Below are the records; give again exactly the line with "text Remiamos veiklos: įstaigos, vykdančios", the line with "table_cell ES fondų", and each line that lies between them, and nothing besides.
Start of Block
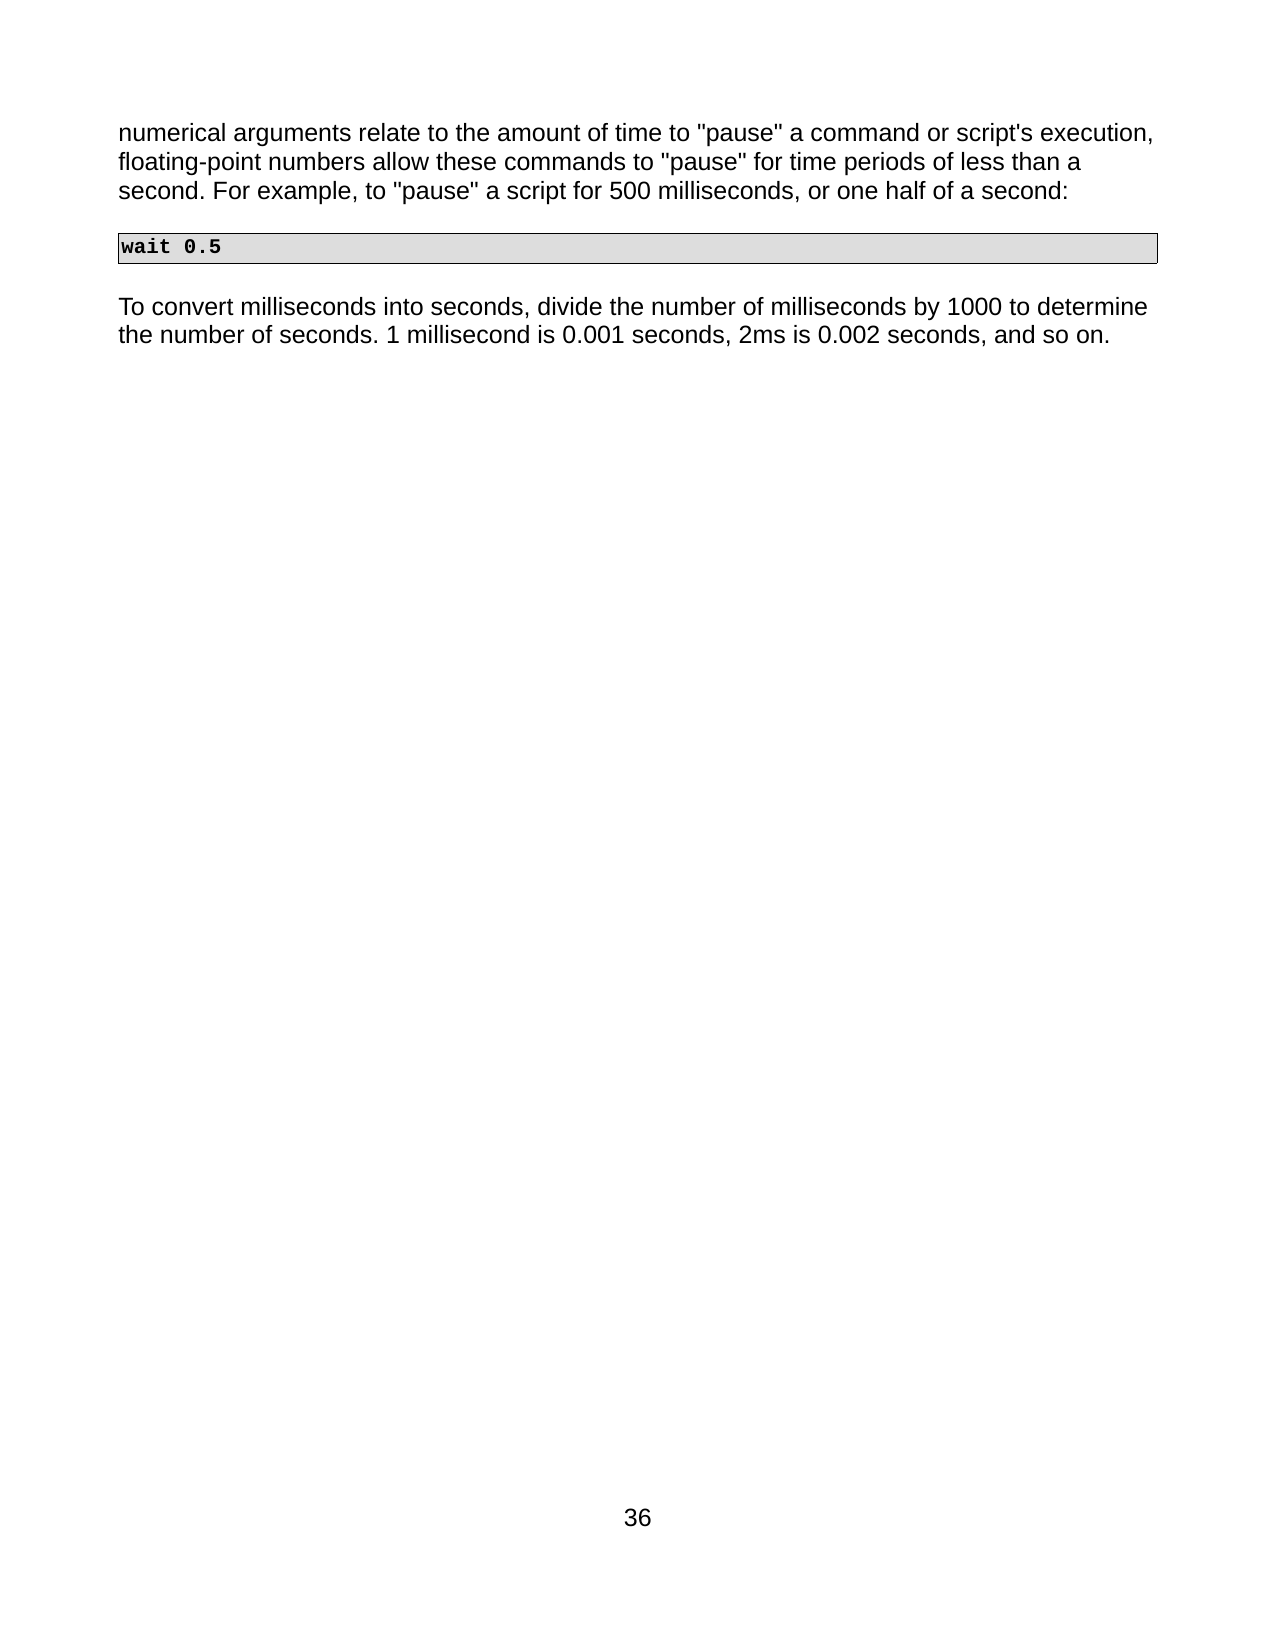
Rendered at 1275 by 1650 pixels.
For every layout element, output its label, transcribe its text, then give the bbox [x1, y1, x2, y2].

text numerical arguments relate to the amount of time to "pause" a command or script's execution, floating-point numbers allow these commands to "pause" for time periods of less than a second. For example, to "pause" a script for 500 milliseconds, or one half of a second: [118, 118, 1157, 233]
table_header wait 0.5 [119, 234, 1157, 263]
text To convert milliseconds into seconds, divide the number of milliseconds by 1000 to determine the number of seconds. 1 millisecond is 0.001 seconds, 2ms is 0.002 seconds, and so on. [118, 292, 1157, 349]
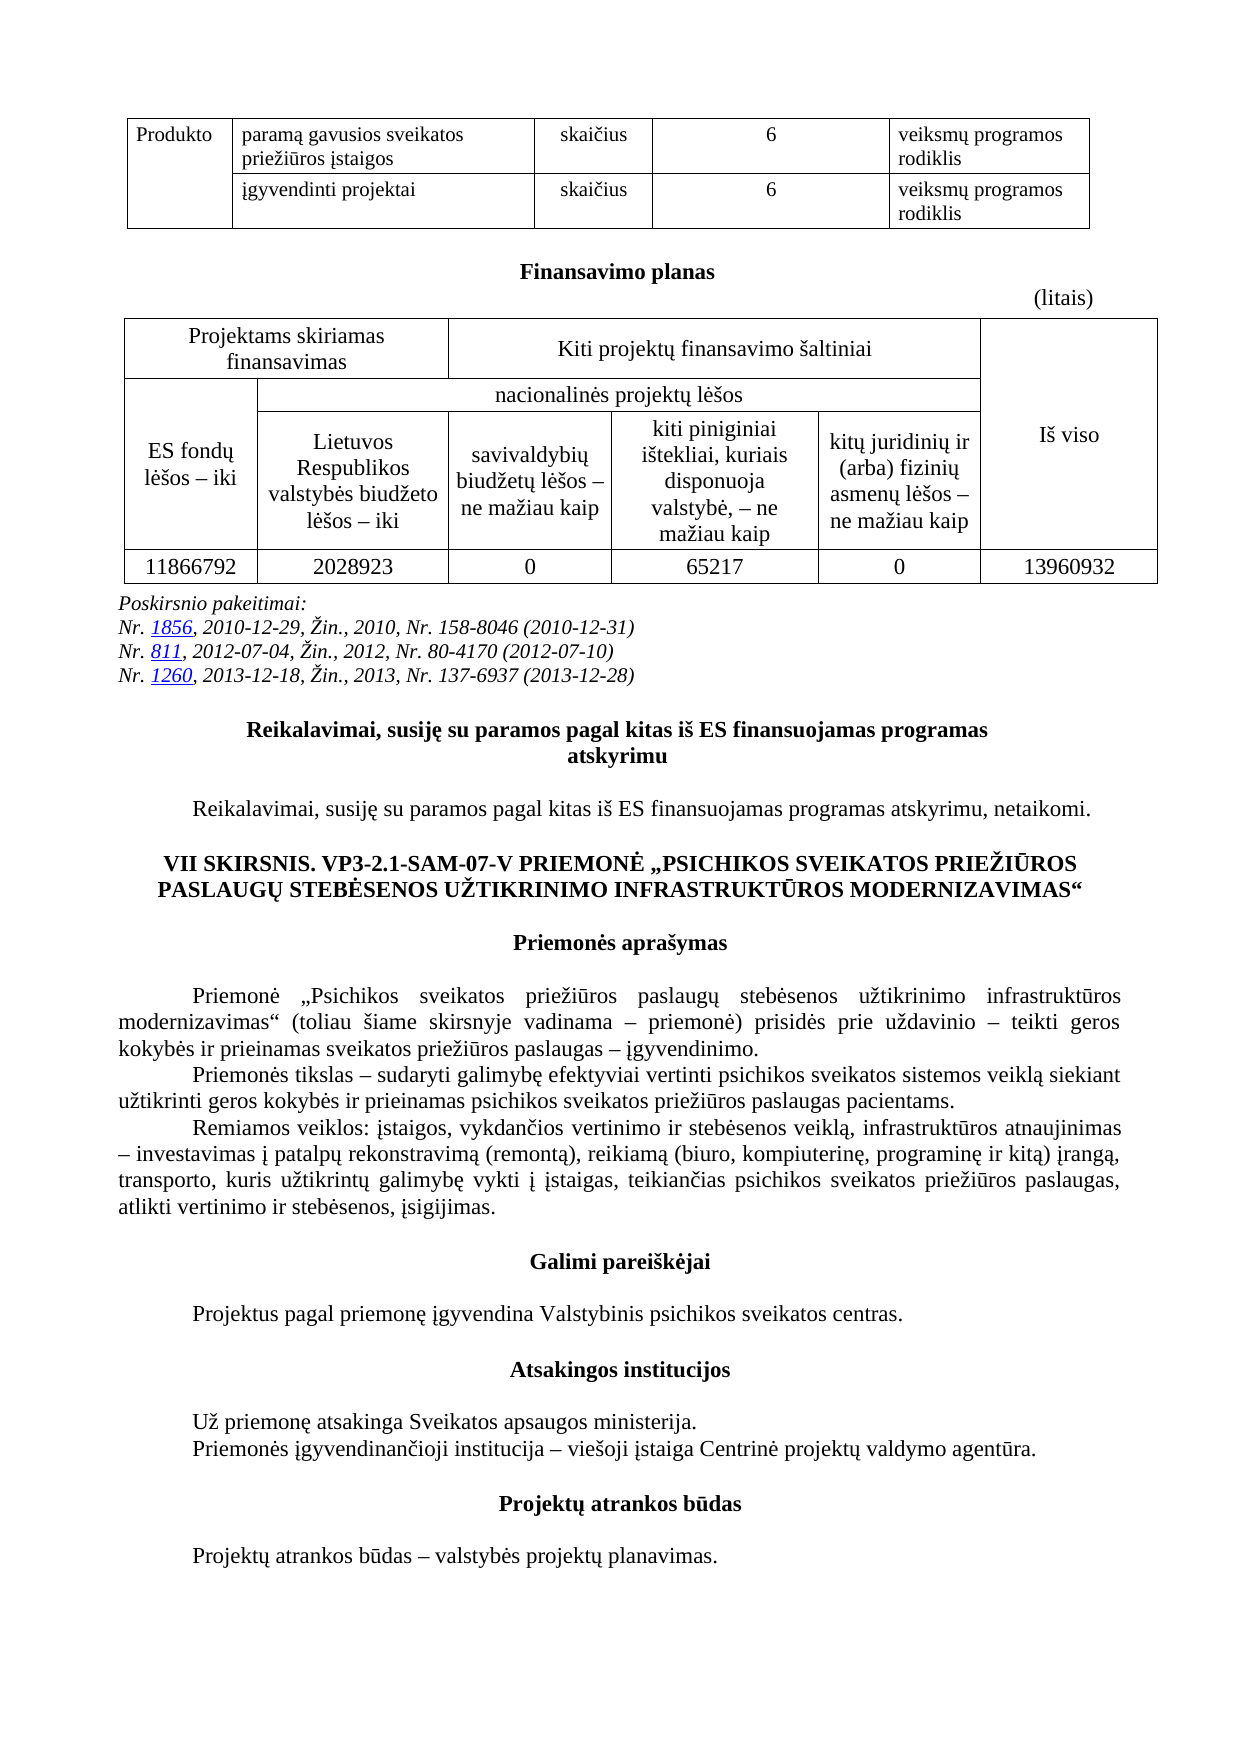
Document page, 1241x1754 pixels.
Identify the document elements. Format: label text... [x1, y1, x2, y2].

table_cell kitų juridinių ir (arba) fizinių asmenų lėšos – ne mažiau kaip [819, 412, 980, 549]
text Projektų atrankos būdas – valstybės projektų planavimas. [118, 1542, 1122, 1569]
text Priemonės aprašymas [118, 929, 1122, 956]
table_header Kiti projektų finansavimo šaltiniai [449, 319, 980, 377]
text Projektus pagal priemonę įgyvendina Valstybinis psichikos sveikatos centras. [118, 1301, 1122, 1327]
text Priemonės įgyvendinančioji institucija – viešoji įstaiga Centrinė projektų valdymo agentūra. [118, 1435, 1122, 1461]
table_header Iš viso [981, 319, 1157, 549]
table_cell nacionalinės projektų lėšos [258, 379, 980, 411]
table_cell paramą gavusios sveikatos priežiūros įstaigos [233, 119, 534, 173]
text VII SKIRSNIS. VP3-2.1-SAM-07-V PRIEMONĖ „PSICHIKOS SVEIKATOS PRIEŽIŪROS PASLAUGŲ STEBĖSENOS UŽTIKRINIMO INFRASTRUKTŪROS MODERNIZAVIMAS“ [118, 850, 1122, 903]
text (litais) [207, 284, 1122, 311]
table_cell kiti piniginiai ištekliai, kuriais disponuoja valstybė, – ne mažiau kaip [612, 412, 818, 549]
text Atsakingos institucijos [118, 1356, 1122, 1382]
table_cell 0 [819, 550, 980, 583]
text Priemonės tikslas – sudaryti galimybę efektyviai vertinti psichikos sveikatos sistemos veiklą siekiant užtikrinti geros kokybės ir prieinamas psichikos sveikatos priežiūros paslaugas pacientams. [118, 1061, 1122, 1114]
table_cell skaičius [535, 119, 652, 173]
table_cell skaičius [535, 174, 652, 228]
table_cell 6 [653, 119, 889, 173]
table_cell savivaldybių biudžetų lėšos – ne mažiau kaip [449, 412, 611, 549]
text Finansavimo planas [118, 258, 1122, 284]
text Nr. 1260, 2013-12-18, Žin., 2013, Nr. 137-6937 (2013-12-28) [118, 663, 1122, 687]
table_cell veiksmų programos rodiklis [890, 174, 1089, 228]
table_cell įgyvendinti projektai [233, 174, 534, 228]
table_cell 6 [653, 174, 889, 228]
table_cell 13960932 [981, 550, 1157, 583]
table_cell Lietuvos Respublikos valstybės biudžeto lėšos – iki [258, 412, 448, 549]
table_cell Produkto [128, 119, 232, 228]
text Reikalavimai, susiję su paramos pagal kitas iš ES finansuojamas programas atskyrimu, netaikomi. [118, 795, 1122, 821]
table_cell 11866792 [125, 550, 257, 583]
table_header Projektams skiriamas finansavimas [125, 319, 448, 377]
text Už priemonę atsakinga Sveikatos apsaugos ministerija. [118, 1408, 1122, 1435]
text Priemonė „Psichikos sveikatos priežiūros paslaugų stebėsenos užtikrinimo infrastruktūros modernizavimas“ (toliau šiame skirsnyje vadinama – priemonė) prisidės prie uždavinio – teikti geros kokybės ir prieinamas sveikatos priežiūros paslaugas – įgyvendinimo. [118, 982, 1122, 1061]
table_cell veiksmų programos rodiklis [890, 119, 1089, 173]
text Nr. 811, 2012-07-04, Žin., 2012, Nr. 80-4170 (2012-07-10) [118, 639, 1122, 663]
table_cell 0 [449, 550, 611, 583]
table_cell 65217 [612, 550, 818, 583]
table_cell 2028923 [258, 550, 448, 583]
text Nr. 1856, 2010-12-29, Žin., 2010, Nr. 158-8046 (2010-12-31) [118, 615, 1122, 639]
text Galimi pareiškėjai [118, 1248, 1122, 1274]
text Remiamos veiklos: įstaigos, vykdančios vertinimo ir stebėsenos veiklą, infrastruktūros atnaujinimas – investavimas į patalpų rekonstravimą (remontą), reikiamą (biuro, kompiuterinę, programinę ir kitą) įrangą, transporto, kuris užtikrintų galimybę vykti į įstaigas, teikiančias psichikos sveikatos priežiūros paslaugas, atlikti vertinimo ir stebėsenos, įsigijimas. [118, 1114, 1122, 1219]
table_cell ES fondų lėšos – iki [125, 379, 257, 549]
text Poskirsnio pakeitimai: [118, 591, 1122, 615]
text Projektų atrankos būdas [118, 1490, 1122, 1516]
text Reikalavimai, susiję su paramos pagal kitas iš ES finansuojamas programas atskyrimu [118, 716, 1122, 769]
End of Block
### The answer
text Remiamos veiklos: įstaigos, vykdančios vertinimo ir stebėsenos veiklą, infrastruktūros atnaujinimas – investavimas į patalpų rekonstravimą (remontą), reikiamą (biuro, kompiuterinę, programinę ir kitą) įrangą, transporto, kuris užtikrintų galimybę vykti į įstaigas, teikiančias psichikos sveikatos priežiūros paslaugas, atlikti vertinimo ir stebėsenos, įsigijimas. [118, 1114, 1122, 1219]
table_cell ES fondų lėšos – iki [125, 379, 257, 549]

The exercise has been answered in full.